活躍する校友紹介

飯盛 勢成さん(高58回)


瀧川鯉丸として 落語「二ツ目」昇進

2006年に逗子開成を卒業した、飯盛勢成さん(高58回)は、早稲田大学卒業後、落語家としての道を歩み始めた。2015年、落語社会で一人前と認められる「二ツ目」に昇進し、「瀧川鯉丸」という芸名を付与された。
 
6月3日(水)には横浜にぎわい座で「二ツ目」昇進披露公演を行い、校友も多数応援に駆け付けた。 次は「真打ち」。10年はかかるといわれるが、これからの鯉丸さんに期待したい。 落語との出会いを語って頂いたので紹介します。

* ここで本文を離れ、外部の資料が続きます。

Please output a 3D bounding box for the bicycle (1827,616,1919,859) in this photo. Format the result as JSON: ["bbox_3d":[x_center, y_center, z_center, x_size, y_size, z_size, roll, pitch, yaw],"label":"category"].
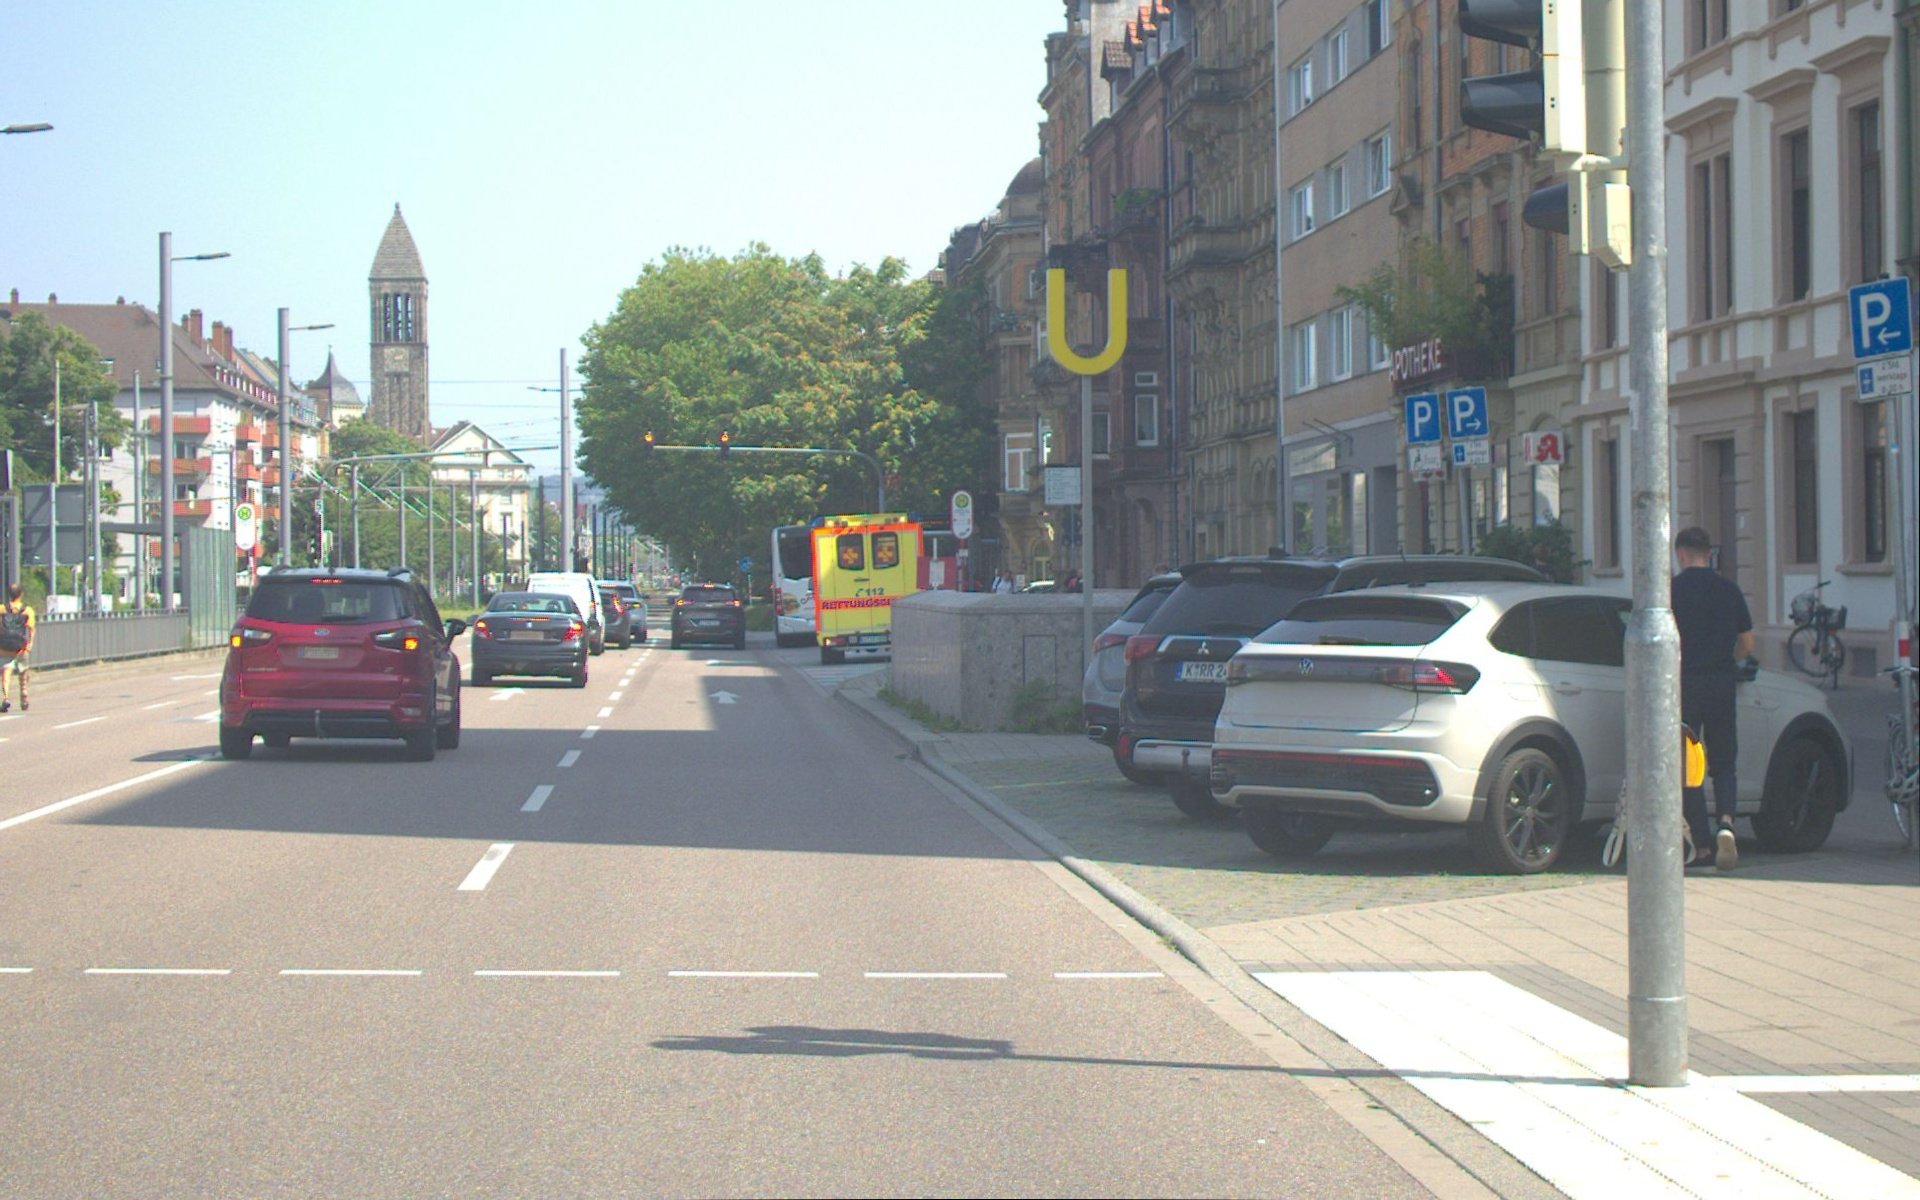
[{"bbox_3d":[5.313,0.735,19.044,0.473,1.292,1.791,-1,-1,-2],"label":"bicycle"}]

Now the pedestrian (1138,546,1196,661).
[{"bbox_3d":[3.209,0.047,53.363,0.850,1.723,0.971,-1,2,2],"label":"pedestrian"}]

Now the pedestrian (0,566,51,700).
[{"bbox_3d":[-12.447,0.433,45.267,0.761,1.746,1.069,0,0,-6],"label":"pedestrian"}]

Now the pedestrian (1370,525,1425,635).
[{"bbox_3d":[7.097,-0.329,55.806,0.684,1.768,1.018,-1,1,-5],"label":"pedestrian"}]

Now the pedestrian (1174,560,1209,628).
[{"bbox_3d":[5.111,-0.132,76.006,0.643,1.488,0.789,-1,0,-5],"label":"pedestrian"}]

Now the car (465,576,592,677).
[{"bbox_3d":[-6.419,0.368,51.461,1.790,1.427,4.001,-1,1,-6],"label":"car"}]

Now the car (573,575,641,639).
[{"bbox_3d":[-9.564,0.210,93.121,1.790,1.692,4.001,0,0,-6],"label":"car"}]

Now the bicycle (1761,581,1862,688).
[{"bbox_3d":[10.059,0.390,40.683,0.480,1.142,2.471,0,2,-2],"label":"bicycle"}]

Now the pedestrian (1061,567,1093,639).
[{"bbox_3d":[2.705,0.073,79.695,0.696,1.661,0.603,0,0,-2],"label":"pedestrian"}]

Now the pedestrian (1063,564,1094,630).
[{"bbox_3d":[3.008,-0.074,87.178,0.696,1.661,1.064,0,0,-2],"label":"pedestrian"}]

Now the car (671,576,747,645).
[{"bbox_3d":[-6.316,0.266,86.100,1.790,1.672,4.001,0,0,-6],"label":"car"}]

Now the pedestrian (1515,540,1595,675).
[{"bbox_3d":[8.318,0.102,48.072,0.840,1.840,0.686,-2,0,-13],"label":"pedestrian"}]

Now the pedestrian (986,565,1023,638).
[{"bbox_3d":[1.025,0.037,79.262,0.697,1.661,0.602,0,0,22],"label":"pedestrian"}]

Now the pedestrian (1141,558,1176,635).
[{"bbox_3d":[4.388,-0.072,75.968,0.643,1.679,0.789,-1,0,-5],"label":"pedestrian"}]

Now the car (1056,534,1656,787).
[{"bbox_3d":[3.047,0.380,25.718,2.042,1.708,4.654,0,1,44],"label":"car"}]

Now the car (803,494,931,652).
[{"bbox_3d":[-1.764,-0.540,66.788,2.299,2.878,5.599,-2,1,-1],"label":"car"}]

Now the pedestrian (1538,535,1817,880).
[{"bbox_3d":[3.663,0.528,17.570,1.034,1.698,0.904,1,0,-31],"label":"pedestrian"}]

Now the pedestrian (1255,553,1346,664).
[{"bbox_3d":[4.872,0.118,49.253,0.850,1.576,0.971,0,0,-38],"label":"pedestrian"}]

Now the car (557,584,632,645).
[{"bbox_3d":[-8.969,0.369,84.578,1.790,1.467,4.001,0,0,-6],"label":"car"}]

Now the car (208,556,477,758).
[{"bbox_3d":[-5.287,0.445,29.874,1.762,1.612,4.083,-1,0,-3],"label":"car"}]

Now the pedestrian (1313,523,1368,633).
[{"bbox_3d":[6.174,-0.365,55.818,0.684,1.768,1.018,-1,1,-5],"label":"pedestrian"}]

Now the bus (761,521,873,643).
[{"bbox_3d":[-3.903,-0.476,91.464,2.533,3.021,12.437,-1,0,-4],"label":"bus"}]

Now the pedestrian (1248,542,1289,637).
[{"bbox_3d":[5.805,-0.196,64.666,0.577,1.744,0.679,-3,0,-4],"label":"pedestrian"}]

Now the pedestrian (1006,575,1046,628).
[{"bbox_3d":[2.266,0.049,118.098,1.249,1.746,1.526,0,2,-4],"label":"pedestrian"}]

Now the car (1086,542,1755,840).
[{"bbox_3d":[3.011,0.494,21.849,1.985,1.682,4.381,0,1,44],"label":"car"}]

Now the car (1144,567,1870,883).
[{"bbox_3d":[3.018,0.628,18.619,3.774,1.495,1.807,1,1,-40],"label":"car"}]

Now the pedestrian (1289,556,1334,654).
[{"bbox_3d":[6.607,0.093,64.628,0.599,1.789,0.880,-3,0,-4],"label":"pedestrian"}]

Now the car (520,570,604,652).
[{"bbox_3d":[-8.865,0.250,76.783,1.790,1.774,4.001,0,0,-6],"label":"car"}]

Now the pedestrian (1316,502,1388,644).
[{"bbox_3d":[4.745,-0.327,41.619,0.670,1.679,0.943,-1,0,-4],"label":"pedestrian"}]

小学生の頃からラジオっ子でした。人様の「話を聞く」のが好きだったんです。初めて落語を聞いたのは、高校3年生の大晦日。受験勉強の合間、大掃除をしながら聞いていたラジオから。今までの、おじいさんが演る古くさいお笑いという印象とは全く違うもので、落語が終わるまで雑巾を持つその手が全く動かせませんでした。逗子開成に落語研究部があったら、もっと早く出会っていたかもしれません。
 
在学中は吹奏楽部でファゴットを吹いていました。2学年上の沖津さんという先輩と二人のパートでした。めちゃくちゃ上手い先輩で、ぜんぜん手が届かなかったです。中学から数えて4年目の高1のとき、先輩が高3でしたから、この1年はパートとしても技術的にやっと安定してきたかなという時期。ちょうど創立100周年の頃でした。ロングトーンという基礎練習、ただ一音ずつ音階を吹くだけなんですけど、すごくいい音色で吹いてる自分が気持ちよくなってしまって、このままずっと基礎練をしていたいなあと思ったことがありました。高2の時、受験勉強の関係で途中で辞めてしまったので、後から入ってきた後輩とそういった経験ができなかったのが心残りです。
 
師匠・瀧川鯉昇の落語と出会ったのは大学1年生の冬です。それまでの1年間、先輩に連れられて色々な落語家の芸を見ていましたが、どの落語家よりも言葉が新鮮で、心地よくて、ずっと聞いていたいなあと思いました。落語って、同じ演者の同じ演目を二度聞くと「またこの演目か」と思うことが多いんですが、うちの師匠の落語は同じ演目を何度も聞きたくなる。けっこう現代的なくすぐり(ギャグ)も入れるんですが、それが落語を壊さない絶妙なバランス。 師匠は「ああしなさい」「こうしなさい」という形の指導をしない人です。もちろん明らかに間違っていることは正してくれますが、「お前はこうしたほうがいい」という言い方はしません。「じぶんの感性で気づくしかない」という信条だそうです。「俺に似るな」とも言います。
 
この春、四年間の前座修業を終え二ツ目に昇進し、先日は桜木町の横浜にぎわい座で二ツ目昇進披露目の落語会を催しました。校友の先輩方にも多数お運びいただきまして、心からお礼申し上げます。まだまだ「じぶんの落語」を模索する毎日。頼りねえなあと思われると思いますが、いま目の前のお客様に喜んでいただけるよう精一杯やらせていただきますので、人寄せの機会などありましたら気軽にお声掛けください。
 
先日、落語家として生きていますという報告も兼ねて逗子開成の先生方へ挨拶に伺ったのですが、いずれの先生も、「たぶん、あの先生はこういう反応をするだろうなあ」と思った通りのリアクションをしてくれました。逗子開成の先生方はどの先生も個が強くて、人の期待に応えてくれるという意味で、先生方も「芸人」だなあと思いました。